Depuis quelques dizaines d’années, la régulation de la vie individuelle et sociale par
l’économie marchandisée et internationalisée s’est renforcée. Partout. Elle a
engendré une logique de comparabilité généralisée qui impose une
concurrence par la recherche de performance dans des délais de temps de
plus en plus brefs. Les pratiques et techniques des marchés financiers travaillant
en « instant continu » l’ont favorisée. Dans un univers à indicateur, lieu et instant
uniques et permanents, l’arbitrage tend à devenir factice. La décision est sans fin,
comme la crise !
La décision et la crise ont partie liée. La crise dure, elle est peut-être durable, et
même sans fin, comme l’imagine Myriam Revault d’Allonnes. On ne dirait pourtant
pas que la décision est sans fin, qu’elle puise dans la continuité.
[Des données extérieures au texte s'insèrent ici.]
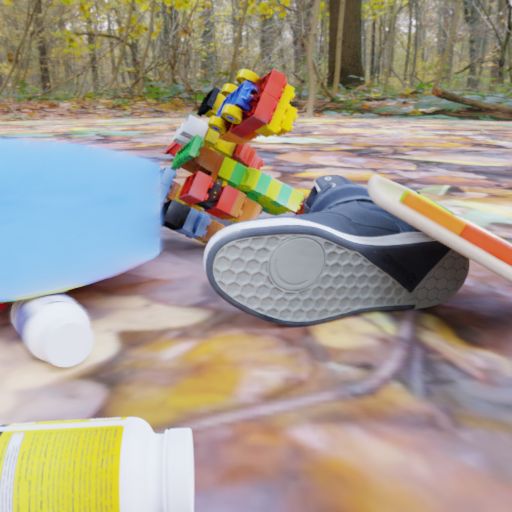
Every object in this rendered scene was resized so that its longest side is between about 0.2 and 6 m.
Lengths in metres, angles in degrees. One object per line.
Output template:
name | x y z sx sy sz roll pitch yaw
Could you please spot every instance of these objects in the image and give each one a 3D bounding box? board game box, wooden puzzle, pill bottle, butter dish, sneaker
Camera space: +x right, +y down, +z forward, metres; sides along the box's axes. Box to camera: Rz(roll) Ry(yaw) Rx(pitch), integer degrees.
board game box | -3.765 -0.342 8.106 4.692 1.156 5.939 1 27 -10
wooden puzzle | 2.490 -0.193 6.453 2.263 0.421 2.093 40 18 23
pill bottle | -1.043 1.390 3.474 1.289 0.725 0.725 -2 17 -4
butter dish | -2.509 -3.874 20.374 1.343 0.996 1.347 -39 6 11
sneaker | 0.685 -0.234 7.399 3.388 1.288 2.448 3 25 -24
pill bottle | -2.092 0.729 5.784 0.629 0.629 1.051 -11 20 -33

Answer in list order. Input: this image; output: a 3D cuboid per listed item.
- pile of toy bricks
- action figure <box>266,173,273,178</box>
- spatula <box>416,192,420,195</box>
pile of toy bricks | -0.231 -1.367 10.496 2.543 2.858 5.151 25 -7 -18
action figure | -0.092 -2.076 15.312 1.337 0.464 0.870 7 11 9
spatula | 3.592 -1.268 13.044 0.533 0.194 1.885 8 19 23
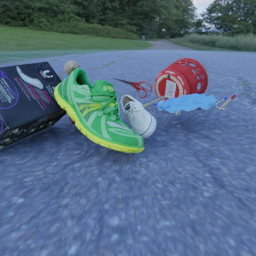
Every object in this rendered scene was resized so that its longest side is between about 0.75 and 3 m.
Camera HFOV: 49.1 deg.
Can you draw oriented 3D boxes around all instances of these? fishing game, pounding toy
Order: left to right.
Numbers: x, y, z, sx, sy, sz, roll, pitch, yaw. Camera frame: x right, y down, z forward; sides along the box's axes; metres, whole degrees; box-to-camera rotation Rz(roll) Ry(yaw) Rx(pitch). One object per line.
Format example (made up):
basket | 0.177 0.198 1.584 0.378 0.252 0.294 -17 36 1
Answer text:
pounding toy | -1.535 -0.906 8.611 1.002 2.159 1.667 -28 20 -3
fishing game | 1.780 -0.681 8.459 2.593 0.403 1.857 3 22 36

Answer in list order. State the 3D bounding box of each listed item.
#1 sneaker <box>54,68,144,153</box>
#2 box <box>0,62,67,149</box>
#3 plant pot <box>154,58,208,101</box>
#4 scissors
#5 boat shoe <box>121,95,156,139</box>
sneaker | -0.693 -0.485 6.761 2.952 1.234 1.093 42 16 25
box | -2.870 -0.633 7.334 1.367 1.576 2.578 -36 -1 31
plant pot | 1.971 -1.712 10.864 1.738 1.738 1.582 17 34 40
scissors | 0.170 -1.629 10.052 1.547 0.566 0.108 35 16 19
boat shoe | 0.182 -0.400 7.640 0.670 0.681 1.920 38 16 -28
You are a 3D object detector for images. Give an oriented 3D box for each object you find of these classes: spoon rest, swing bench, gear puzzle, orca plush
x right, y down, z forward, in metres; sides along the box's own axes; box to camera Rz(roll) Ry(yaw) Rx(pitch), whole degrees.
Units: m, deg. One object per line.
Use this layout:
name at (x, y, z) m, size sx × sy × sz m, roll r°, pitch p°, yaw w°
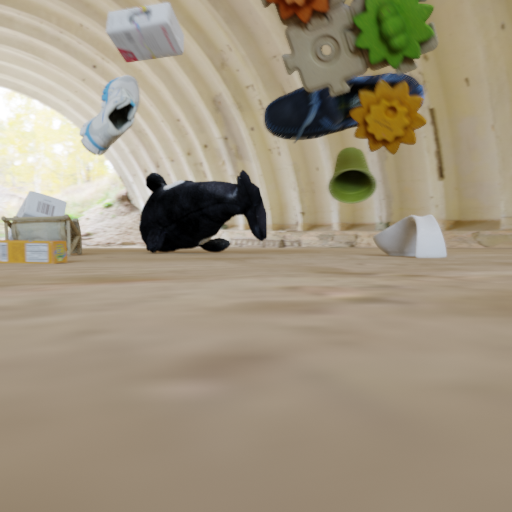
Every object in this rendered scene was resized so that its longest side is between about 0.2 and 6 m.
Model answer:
spoon rest at (2.430, -0.294, 8.640) m, size 1.052 × 0.642 × 2.117 m, roll 0°, pitch 2°, yaw 1°
swing bench at (-3.494, -0.323, 9.227) m, size 1.034 × 0.675 × 1.040 m, roll -2°, pitch 2°, yaw -7°
gear puzzle at (1.027, -2.840, 6.537) m, size 1.914 × 3.695 × 0.484 m, roll -12°, pitch 25°, yaw 26°
orca plush at (-1.532, -0.458, 12.045) m, size 4.506 × 1.602 × 2.371 m, roll 7°, pitch -39°, yaw 45°

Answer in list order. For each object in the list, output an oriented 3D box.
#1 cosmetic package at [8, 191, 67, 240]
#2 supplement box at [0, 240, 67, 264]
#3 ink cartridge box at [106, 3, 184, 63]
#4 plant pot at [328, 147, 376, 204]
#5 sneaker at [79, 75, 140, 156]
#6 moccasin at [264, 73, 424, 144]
cosmetic package at (-3.943, -0.564, 10.011) m, size 0.685 × 0.499 × 1.347 m, roll 19°, pitch -33°, yaw -31°
supplement box at (-2.144, -0.035, 5.297) m, size 0.698 × 0.240 × 0.232 m, roll 3°, pitch 4°, yaw 17°
ink cartridge box at (-1.962, -3.970, 10.010) m, size 1.145 × 0.490 × 0.845 m, roll -5°, pitch -22°, yaw 11°
plant pot at (2.177, -1.930, 12.811) m, size 1.068 × 1.014 × 1.068 m, roll 3°, pitch -39°, yaw 2°
sneaker at (-2.425, -2.675, 10.215) m, size 0.870 × 2.009 × 0.753 m, roll -20°, pitch -47°, yaw 34°
moccasin at (1.444, -2.812, 9.968) m, size 2.899 × 1.167 × 0.989 m, roll -11°, pitch -1°, yaw 20°

Ce faisant, l’économie a prospéré via la formation d’innombrables marchés, lesquels
tout en s’affranchissant de limites territoriales se livrent à une concurrence qui a pris
une forme unique : la recherche de performance dans des délais de temps de plus
en plus brefs. Du coup, certains de nos actes quand ils sont les fruits de trop longs
détours – culture, éducation, formation, recherche, innovation – se voient affectés
d’un risque d’échec élevé au point d’en être dépréciés ou même découragés. La
recherche de la performance – gestion, marketing, finance – s’est passée des
conditions de sa permanence (les moyens de la formance), atténuant globalement la
préférence pour le futur. La notion d’effort, de travail, de responsabilité,
d’engagement sont alors menacés.
La pratique du temps continu appuyée sur des modèles et des technologies qui la
favorisent a engendré non une mondialisation, mais bien une globalisation des actes
médiatiques et surtout financiers – le 24h sur 24 synchronisé d’emblée sur la planète
entière – laquelle joue de fait un rôle, mal connu encore, dans cette baisse
tendancielle de préférence pour le futur, dans ce « présentéisme ».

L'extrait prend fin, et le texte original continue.